What's Cool In Road Cycling

Paris-Tours Up Close: Big Bert Roesems!

Philippe Gilbert (F des J) finally made the transition from the “very good” to “best” folder in winning Sunday’s Paris-Tours. PEZ talked with two riders who represent opposite ends of another scale; Bert Roesems (Silence-Lotto) – the archetypal Flemish hard man and Steve Cozza (Garmin) – all the way from San Francisco, man. On the basis of “age before beauty,” we spoke to Big Bert first.

PEZ: How’s the recovery going, Bert?
Bert: I’ve had to struggle hard to get back after my crash in last year’s Vuelta, but I feel that I’ve cleared a hurdle and arrived at a level where the work I’m doing is all having an effect – I’m definitely back to where I was.

PEZ: The Silence Lotto team plan for Paris-Tours?
Bert: We were trying to get our sprinters into as good a position as possible. We knew that it wouldn’t be easy to keep it together for a bunch sprint – we knew that Gilbert would take off; he’s done it the last couple of years, but hasn’t had a good understanding with the riders he’s been away with. This year he had a teammate in the break and that made all the difference for him.

Both Robbie and Bert will be moving on in 2009.

PEZ: Who was your best finisher?
Bert: Robbie McEwen was sixth, that’s an acceptable result in the circumstances. It’s always better if you win, but bike racing doesn’t always go like you think it will.

PEZ: How was your own race?
Bert: I did a lot of work for Robbie until 20 or 30 to go, where Sentjens and Tjallingii took over. I kept close to him, kept him out of trouble and went back to the car for him when it was required.

PEZ: How many times have you ridden Paris-Tours?
Bert: It’s my third time, it’s a good race if the weather is nice, like it was on Sunday.

No worries about bad weather this weekend. It was perfect.

PEZ: Was it a poor/good/great edition?
Bert: I think the finalй was one of the best, better than the last few years – and of course, it’s always good when a Belgian wins!

PEZ: Do you ever use the inside chainring?
Bert: No, I think if you do, you’re not in the race anymore!

It’s always good when a Belgian wins!

PEZ: What ratios do you ride on those long, flat straights?
Bert: I was in 53 x 14 or 15 most of the day, it was a steady pace for the whole race, somewhere between 40 and 45 kph. You try to sit in the wheels, save your legs, keep the gears down.

PEZ: Isn’t it hard to keep your concentration on those long, flat straights?
Bert: No, no, no! Often it’s single file and you have to watch not to slip too far back. It’s tricky with the wind too, and if you have specific duties to carry out, that keeps you focussed.

Attention is a must when the race is tough.

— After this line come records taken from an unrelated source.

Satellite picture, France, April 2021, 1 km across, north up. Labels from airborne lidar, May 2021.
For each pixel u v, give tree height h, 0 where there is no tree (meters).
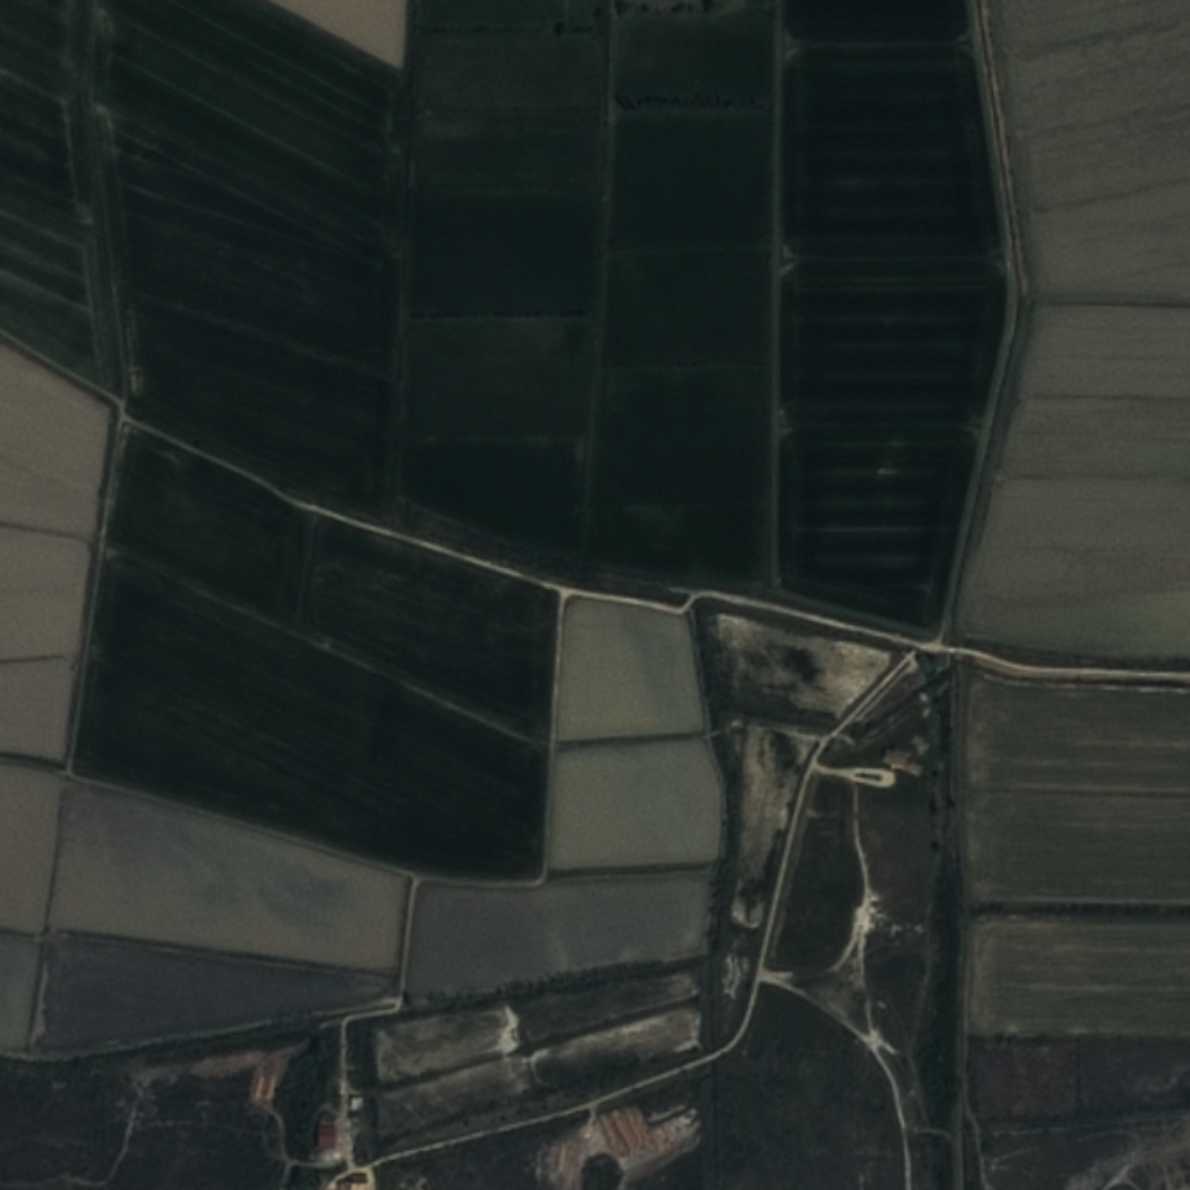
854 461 0
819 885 0
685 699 0
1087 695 0
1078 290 0
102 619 0
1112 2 0
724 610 0
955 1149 0
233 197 0
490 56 0
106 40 0
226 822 0
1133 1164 0
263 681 0
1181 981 0
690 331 0
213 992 0
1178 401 0
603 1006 0
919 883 0
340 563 0
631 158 0
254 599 0
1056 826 0
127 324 0
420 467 0
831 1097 0
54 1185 0
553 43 0
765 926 0
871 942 0
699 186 0
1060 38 0
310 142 0
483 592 0
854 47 0
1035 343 0
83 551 0
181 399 0
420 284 0
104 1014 0
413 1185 0
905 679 0
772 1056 0
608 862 0
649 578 0
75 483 0
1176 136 0
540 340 0
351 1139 0
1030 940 0
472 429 0
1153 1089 0
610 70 0
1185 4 0
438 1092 0
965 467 0
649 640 0
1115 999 0
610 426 0
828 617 0
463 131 0
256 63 0
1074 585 0
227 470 0
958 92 0
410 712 0
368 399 0
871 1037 0
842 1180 0
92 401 0
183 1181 0
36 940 0
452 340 0
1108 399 0
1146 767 0
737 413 0
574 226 0
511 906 0
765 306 0
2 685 0
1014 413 0
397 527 0
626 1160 0
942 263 0
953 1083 8
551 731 0
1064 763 0
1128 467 0
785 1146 0
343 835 0
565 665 0
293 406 0
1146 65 0
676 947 0
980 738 0
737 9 0
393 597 0
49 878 0
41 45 0
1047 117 0
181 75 0
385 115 0
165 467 0
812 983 0
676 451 0
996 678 0
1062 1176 0
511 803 0
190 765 0
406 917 0
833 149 0
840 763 0
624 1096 0
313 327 0
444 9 0
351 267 0
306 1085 7
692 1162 0
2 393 0
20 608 0
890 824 0
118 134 0
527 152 0
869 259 0
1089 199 0
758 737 0
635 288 0
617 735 0
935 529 0
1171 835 0
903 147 0
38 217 0
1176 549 0
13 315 0
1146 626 0
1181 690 0
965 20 0
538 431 0
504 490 0
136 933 0
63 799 0
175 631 0
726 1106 0
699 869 0
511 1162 0
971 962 0
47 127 0
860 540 0
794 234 0
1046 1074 0
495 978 0
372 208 0
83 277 0
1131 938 0
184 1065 0
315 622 0
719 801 0
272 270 0
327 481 0
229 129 0
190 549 0
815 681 0
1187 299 0
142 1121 0
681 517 0
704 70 0
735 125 0
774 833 0
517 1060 0
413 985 0
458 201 0
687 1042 0
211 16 0
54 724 0
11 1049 0
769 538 0
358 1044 7
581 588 0
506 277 0
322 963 0
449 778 0
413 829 0
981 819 0
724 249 0
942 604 0
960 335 0
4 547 0
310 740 0
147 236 0
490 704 0
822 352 0
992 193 0
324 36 0
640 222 0
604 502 0
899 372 0
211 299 0
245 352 0
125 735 0
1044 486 0
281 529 0

PEZ: Were the “late season blues” in evidence?
Bert: Not this year, I rode the race in 2006 and you could see that a lot of riders were really tired, but this year it was just like your average classic – it could have been April.

PEZ: What does the rest of the season hold for you?
Bert: Tomorrow (Tuesday) is my last race, the Sluitingpris Putte Kappelle – it’s the last race of the Belgian season. After the race, they keep the finishing straight closed and the supporters all stand chatting to the riders and maybe have a few beers. In fact, most supporters come on buses and don’t have to drive, so maybe they have a few beers more than normal! It’s a nice race, 12 laps, 180 kilometres and it’s always a big peloton.

PEZ: When does training start for 2009?
Bert: Mid-November, but I’m not with Silence-Lotto next year. I have contacts with other teams, but turning a contact to a contract isn’t so easy. The beginning of the year was shit for me and it’s only now I’m coming into shape. I’m back, I can feel it and see it but it hasn’t been reflected in results. It’s harder to sell yourself, when you reach a ‘certain age,’ they think maybe I am satisfied with the career I have had so far. But that’s not the case, I’m still highly motivated and I know I have at least one more good season to offer and don’t want to stop. I’ve made a big mental and physical effort to get back to fitness, it’s an endurance sport – age and experience count for a lot and so much of it is inside your head.

PEZ: Your man of the season?
Bert: Jurgen Roelandts from our team. He has won the Belgian Elite Championship in his first full year and stages in the Tour of Poland and Franco-Belge.

PEZ: Lance?
Bert: We live in a free world, it’s up to him what he does. The people and the sponsors will welcome him back. Knowing him as a person and as a rider, he’ll be sure of himself – he’s not coming back to be a joke.

PEZ: Schumi?
Bert: Another big scandal but despite what the Olympic Committee is saying, I think it’s good that the cheats are being caught – with no distinction made between little riders and big names.

Words of cycling wisdom, as always from Bert, we wish him all the best in his quest for a new team and look forward to sharing a pils with him when PEZ is over for the Gent Six, next month.